Build `Prebuffer` Bitmap once, and reuse that vector.
### Are these changes tested?
no
### Are there any user-facing changes?
no
* Closes: #36773
Authored-by: mwish <[email protected]>
Signed-off-by: Antoine Pitrou <[email protected]>
---
cpp/src/parquet/file_reader.cc | 24 +++++++++++++++---------
1 file changed, 15 insertions(+), 9 deletions(-)

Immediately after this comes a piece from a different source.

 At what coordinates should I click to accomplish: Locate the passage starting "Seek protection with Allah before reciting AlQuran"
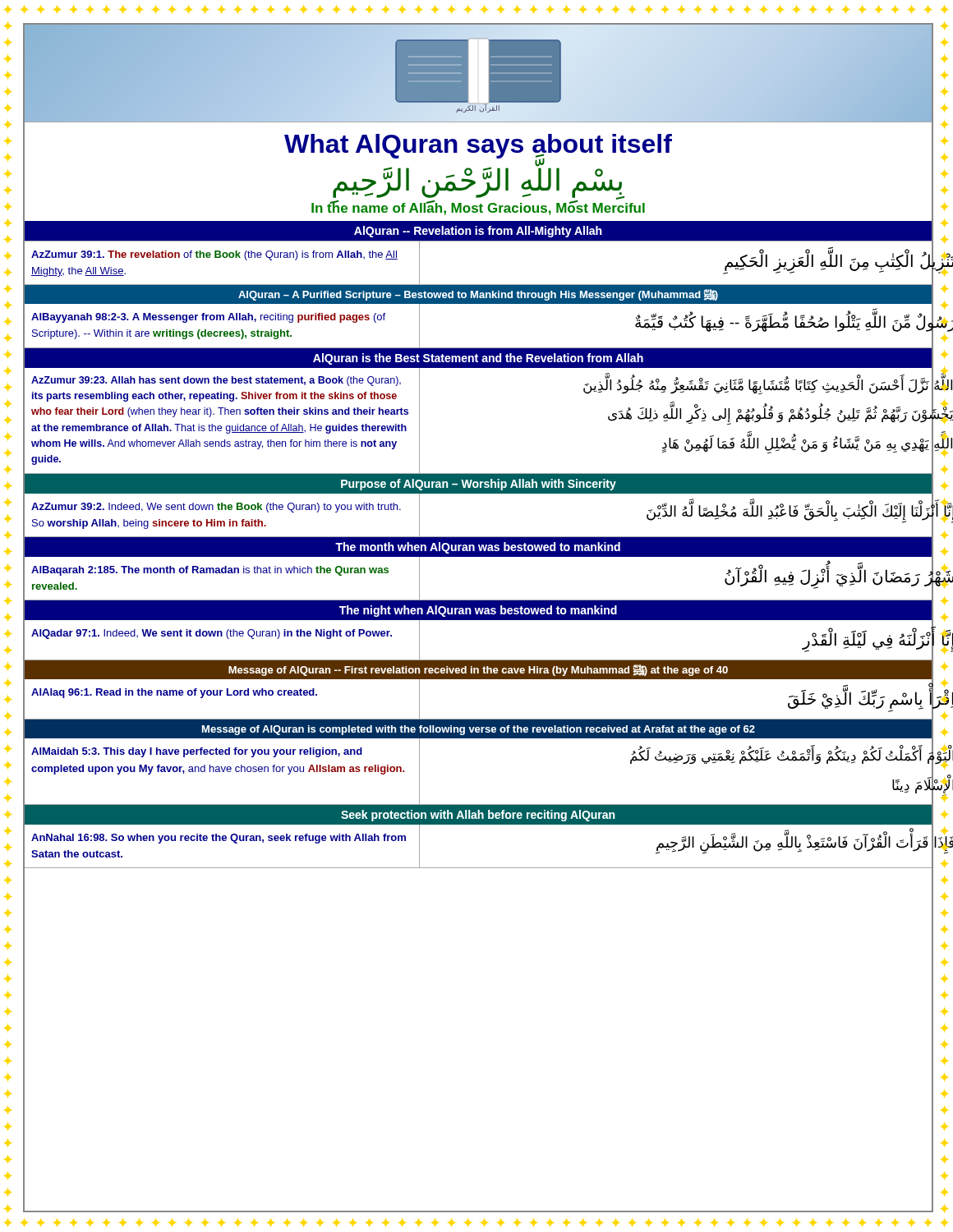pyautogui.click(x=478, y=815)

diff --git a/cpp/src/parquet/file_reader.cc b/cpp/src/parquet/file_reader.cc
index adda9a027b..08d493b0bc 100644
--- a/cpp/src/parquet/file_reader.cc
+++ b/cpp/src/parquet/file_reader.cc
@@ -179,17 +179,17 @@ class SerializedRowGroup : public
RowGroupReader::Contents {
SerializedRowGroup(std::shared_ptr<ArrowInputFile> source,
std::shared_ptr<::arrow::io::internal::ReadRangeCache>
cached_source,
int64_t source_size, FileMetaData* file_metadata,
- int row_group_number, const ReaderProperties& props,
+ int row_group_number, ReaderProperties props,
std::shared_ptr<Buffer> prebuffered_column_chunks_bitmap,
std::shared_ptr<InternalFileDecryptor> file_decryptor =
nullptr)
: source_(std::move(source)),
cached_source_(std::move(cached_source)),
source_size_(source_size),
file_metadata_(file_metadata),
- properties_(props),
+ properties_(std::move(props)),
row_group_ordinal_(row_group_number),
prebuffered_column_chunks_bitmap_(std::move(prebuffered_column_chunks_bitmap)),
- file_decryptor_(file_decryptor) {
+ file_decryptor_(std::move(file_decryptor)) {
row_group_metadata_ = file_metadata->RowGroup(row_group_number);
}
@@ -273,7 +273,7 @@ class SerializedRowGroup : public RowGroupReader::Contents {
std::unique_ptr<RowGroupMetaData> row_group_metadata_;
ReaderProperties properties_;
int row_group_ordinal_;
- const std::shared_ptr<Buffer> prebuffered_column_chunks_bitmap_;
+ const std::shared_ptr<const Buffer> prebuffered_column_chunks_bitmap_;
std::shared_ptr<InternalFileDecryptor> file_decryptor_;
};
@@ -366,13 +366,19 @@ class SerializedFile : public ParquetFileReader::Contents
{
std::make_shared<::arrow::io::internal::ReadRangeCache>(source_, ctx,
options);
std::vector<::arrow::io::ReadRange> ranges;
prebuffered_column_chunks_.clear();
+ int num_cols = file_metadata_->num_columns();
+ // a bitmap for buffered columns.
+ std::shared_ptr<Buffer> buffer_columns;
+ if (!row_groups.empty()) {
+ PARQUET_THROW_NOT_OK(AllocateEmptyBitmap(num_cols,
properties_.memory_pool())
+ .Value(&buffer_columns));
+ for (int col : column_indices) {
+ ::arrow::bit_util::SetBit(buffer_columns->mutable_data(), col);
+ }
+ }
for (int row : row_groups) {
- std::shared_ptr<Buffer>& col_bitmap = prebuffered_column_chunks_[row];
- int num_cols = file_metadata_->num_columns();
- PARQUET_THROW_NOT_OK(
- AllocateEmptyBitmap(num_cols,
properties_.memory_pool()).Value(&col_bitmap));
+ prebuffered_column_chunks_[row] = buffer_columns;
for (int col : column_indices) {
- ::arrow::bit_util::SetBit(col_bitmap->mutable_data(), col);
ranges.push_back(
ComputeColumnChunkRange(file_metadata_.get(), source_size_, row,
col));
}